YOUR INSTRUCTIONS — Copy exactly, and only, the lines that start at the line containing "Provide a short" and end at the last line of the material below.

- Opening Delimiter -

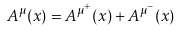Convert formula to latex. <formula><loc_0><loc_0><loc_500><loc_500>A ^ { \mu } ( x ) = A ^ { \mu ^ { + } } ( x ) + A ^ { \mu ^ { - } } ( x )</formula> 
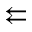Convert formula to latex. <formula><loc_0><loc_0><loc_500><loc_500>\left l e f t a r r o w s</formula> 
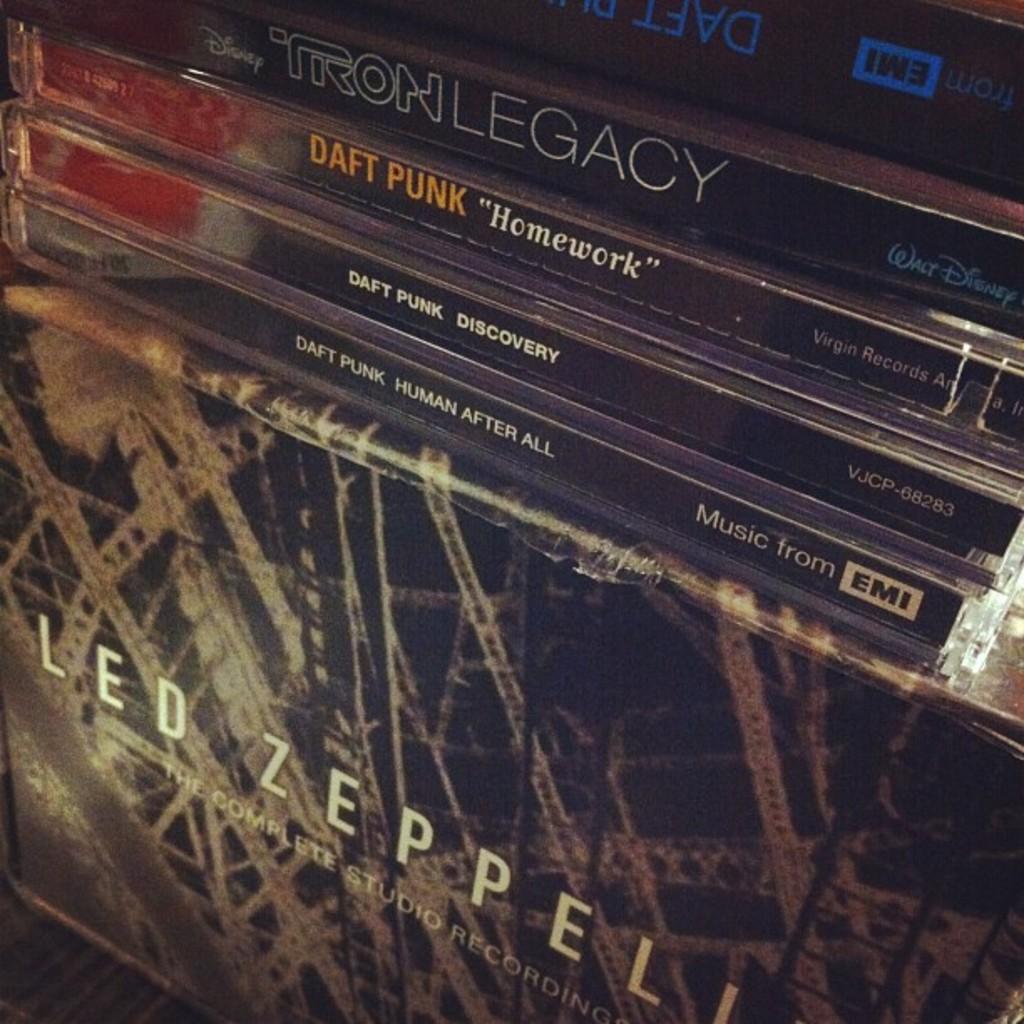Who is the recording artist that made "homework"?
Provide a short and direct response. Daft punk. Which studio published the daft punk human after all album?
Your response must be concise. Emi.

- Closing Delimiter -

EXERCISE ANSWER —
Provide a short and direct response. Daft punk. Which studio published the daft punk human after all album?
Your response must be concise. Emi.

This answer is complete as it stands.